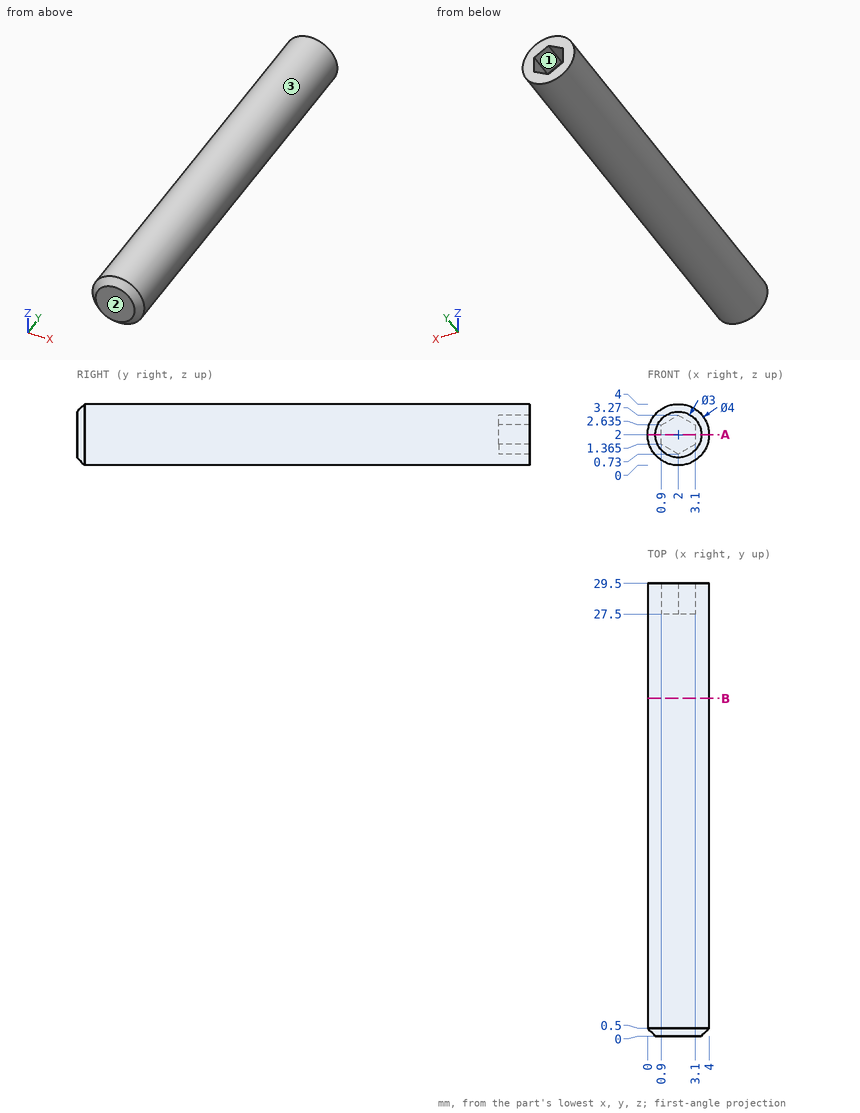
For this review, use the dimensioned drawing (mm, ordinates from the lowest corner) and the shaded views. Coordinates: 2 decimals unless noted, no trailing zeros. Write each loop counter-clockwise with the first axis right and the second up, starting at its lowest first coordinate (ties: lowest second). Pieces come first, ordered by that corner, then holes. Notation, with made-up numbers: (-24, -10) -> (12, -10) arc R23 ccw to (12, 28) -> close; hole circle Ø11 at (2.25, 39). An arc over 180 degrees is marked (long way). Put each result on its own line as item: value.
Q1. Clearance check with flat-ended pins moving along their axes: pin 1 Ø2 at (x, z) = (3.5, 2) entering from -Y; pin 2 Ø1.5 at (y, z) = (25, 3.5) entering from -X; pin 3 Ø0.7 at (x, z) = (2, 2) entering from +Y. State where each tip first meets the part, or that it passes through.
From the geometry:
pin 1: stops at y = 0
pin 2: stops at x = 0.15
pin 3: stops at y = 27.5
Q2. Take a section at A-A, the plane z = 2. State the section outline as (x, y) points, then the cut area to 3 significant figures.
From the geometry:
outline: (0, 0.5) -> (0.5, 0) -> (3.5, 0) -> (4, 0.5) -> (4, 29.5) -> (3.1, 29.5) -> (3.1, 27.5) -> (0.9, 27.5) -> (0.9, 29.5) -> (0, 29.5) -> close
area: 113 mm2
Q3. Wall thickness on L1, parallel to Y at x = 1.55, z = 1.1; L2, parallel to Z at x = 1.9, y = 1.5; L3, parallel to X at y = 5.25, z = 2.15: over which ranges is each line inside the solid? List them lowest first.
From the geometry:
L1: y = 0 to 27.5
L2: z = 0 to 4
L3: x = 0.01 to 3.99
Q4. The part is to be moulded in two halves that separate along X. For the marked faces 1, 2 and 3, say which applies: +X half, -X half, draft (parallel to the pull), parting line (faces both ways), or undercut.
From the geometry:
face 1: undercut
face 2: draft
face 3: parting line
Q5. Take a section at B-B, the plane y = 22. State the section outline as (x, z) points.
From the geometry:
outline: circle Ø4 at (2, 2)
━━━━━━━━━━━━━━━━━━━━━━━━━━━━━━
* [Problem details]: The pictures in the listing above are to be dropped, and everything else reproduced exactly.

* [Task answer]:
For this review, use the dimensioned drawing (mm, ordinates from the lowest corner) and the shaded views. Coordinates: 2 decimals unless noted, no trailing zeros. Write each loop counter-clockwise with the first axis right and the second up, starting at its lowest first coordinate (ties: lowest second). Pieces come first, ordered by that corner, then holes. Notation, with made-up numbers: (-24, -10) -> (12, -10) arc R23 ccw to (12, 28) -> close; hole circle Ø11 at (2.25, 39). An arc over 180 degrees is marked (long way). Put each result on its own line as item: value.
Q1. Clearance check with flat-ended pins moving along their axes: pin 1 Ø2 at (x, z) = (3.5, 2) entering from -Y; pin 2 Ø1.5 at (y, z) = (25, 3.5) entering from -X; pin 3 Ø0.7 at (x, z) = (2, 2) entering from +Y. State where each tip first meets the part, or that it passes through.
From the geometry:
pin 1: stops at y = 0
pin 2: stops at x = 0.15
pin 3: stops at y = 27.5
Q2. Take a section at A-A, the plane z = 2. State the section outline as (x, y) points, then the cut area to 3 significant figures.
From the geometry:
outline: (0, 0.5) -> (0.5, 0) -> (3.5, 0) -> (4, 0.5) -> (4, 29.5) -> (3.1, 29.5) -> (3.1, 27.5) -> (0.9, 27.5) -> (0.9, 29.5) -> (0, 29.5) -> close
area: 113 mm2
Q3. Wall thickness on L1, parallel to Y at x = 1.55, z = 1.1; L2, parallel to Z at x = 1.9, y = 1.5; L3, parallel to X at y = 5.25, z = 2.15: over which ranges is each line inside the solid? List them lowest first.
From the geometry:
L1: y = 0 to 27.5
L2: z = 0 to 4
L3: x = 0.01 to 3.99
Q4. The part is to be moulded in two halves that separate along X. For the marked faces 1, 2 and 3, say which applies: +X half, -X half, draft (parallel to the pull), parting line (faces both ways), or undercut.
From the geometry:
face 1: undercut
face 2: draft
face 3: parting line
Q5. Take a section at B-B, the plane y = 22. State the section outline as (x, z) points.
From the geometry:
outline: circle Ø4 at (2, 2)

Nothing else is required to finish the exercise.